Search code examples
c#asp.netazureiiskentico

IIS app pool crashing on Azure load-balanced VMs


We have a new ASP.NET website running on a pair of load balanced Azure VMs. The website is fairly simple and uses Kentico CMS. Twice in the 24 hours since going live the application pool on both web servers has suddenly stopped (within 5-10 minutes of each other) causing 503: Service unavailable errors.

Looking at Windows system logs I see the error which caused the problem:

Application pool '[[NAME]]' is being automatically disabled due to a series of failures in the process(es) serving that application pool.

Leading up to this are a series of warnings:

A process serving application pool '[[NAME]]' suffered a fatal communication error with the Windows Process Activation Service. The process id was '[[PROCESS ID]]'. The data field contains the error number.

Evidently this is IIS's rapid-fail protection kicking in. What's not clear is how to find the cause of this "fatal communication error".

After some web searching I've installed the Debug Diagnostics Tool which has helped me identify that in every case the relevant process was the IIS worker process (w3wp.exe). This tool is new to me and unfortunately the only time the problem occurred since I installed it, no dumps were generated. However, its logs contain a lot of messages like this:

First chance exception - 0xe0434352 caused by thread with System ID: [[ID]]
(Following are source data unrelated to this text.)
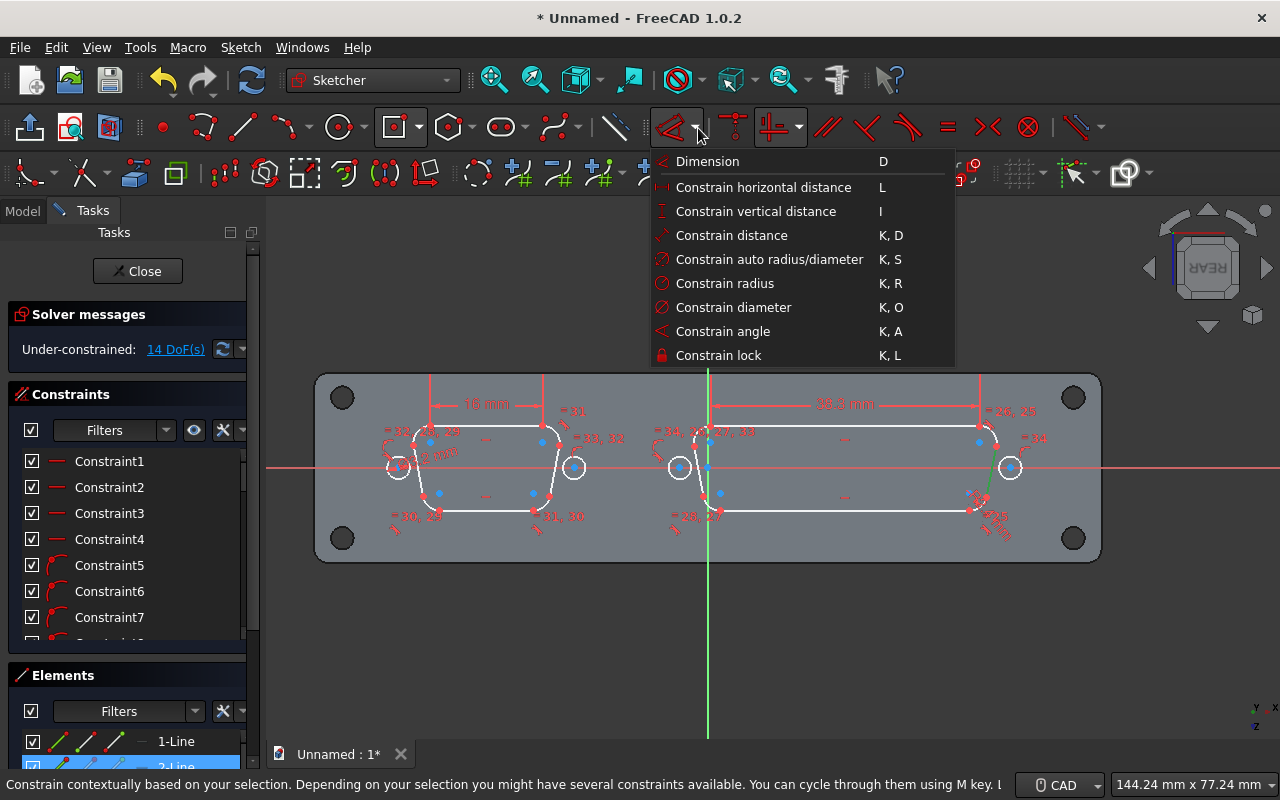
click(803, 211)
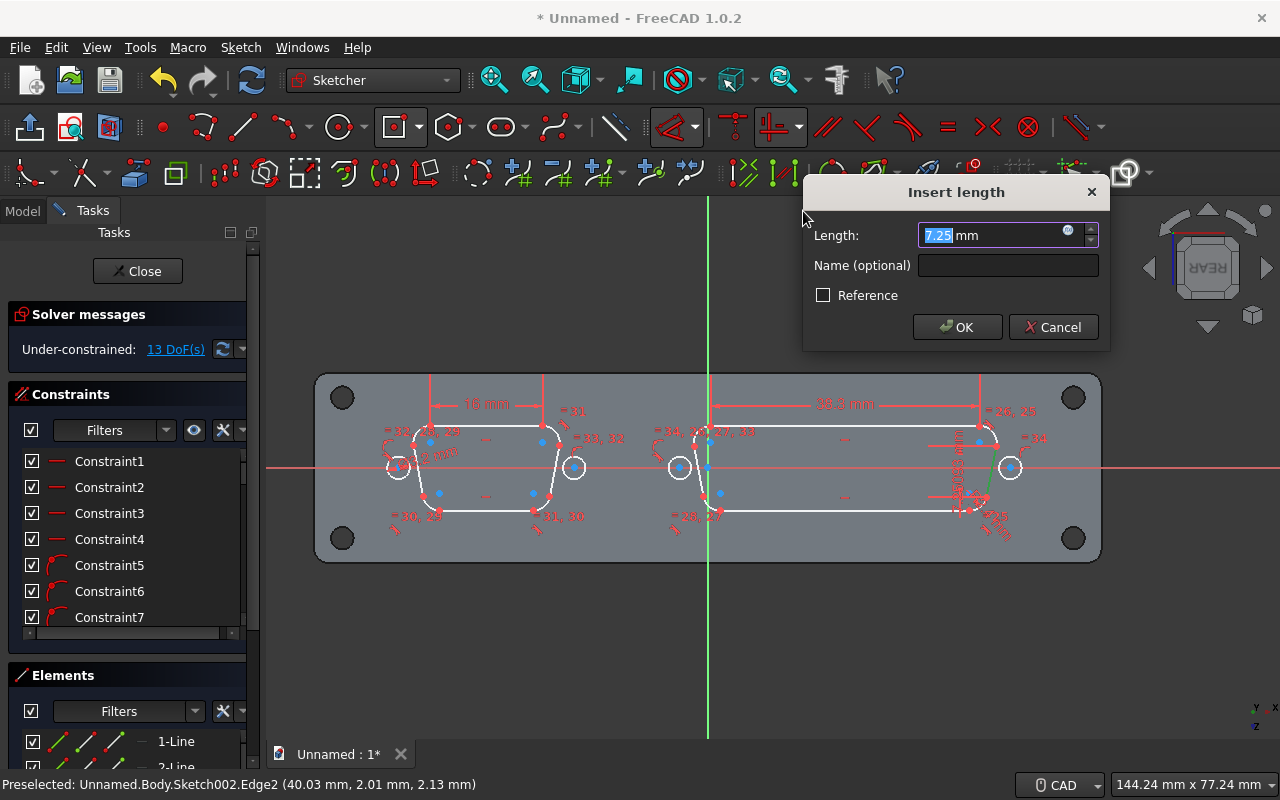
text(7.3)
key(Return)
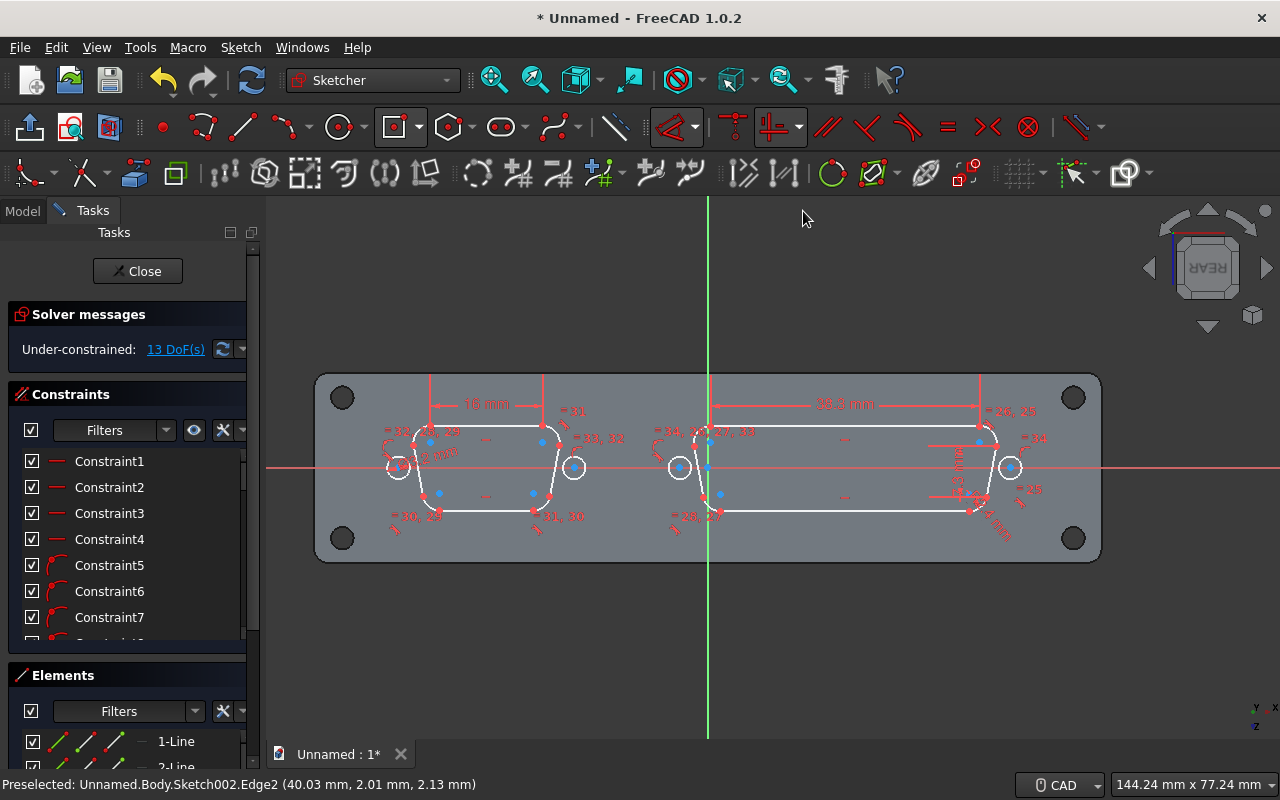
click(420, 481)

The frustrating thing is that I don't know what steps to take to replicate the error conditions. It never occurred in UAT in a very similar environment, even under load test. Here are some facts about my setup:

  • ASP.NET version = 4.5.2
  • Application pool running with identity set to a domain account with modify permission on the website directory
  • Application set with max one worker process

Any advice much appreciated.

* UPDATE 1 *

I now have DebugDiag dump generated by the "fatal communication error" warning event. Dump summary reads:

Dump Summary
------------
Process Name:   w3wp.exe : C:\Windows\SysWOW64\inetsrv\w3wp.exe
Process Architecture:   x86
Exception Code: 0xC00000FD
Exception Information:  The thread used up its stack.
Heap Information:   Present

Solution

  • In the end I tracked this down to a bug in my code. Under very edge-case circumstances the CMS was returning an empty Guid instead of an actual ID which was causing a stack overflow in a recursive method.

    The 0xC00000FD exception code I posted above is actually a stack overflow exception, so once I knew that and downloaded the Debug Diagnostcs dump file I was able to replicate the crash scenario locally. That tool, by the way, is incredibly powerful and was able to demonstrate the exact conditions of the crash.

    All I can say to people who arrive here with similar issue is - firstly, don't assume the issue is not with your code! And secondly, use Debug Diagnostcs.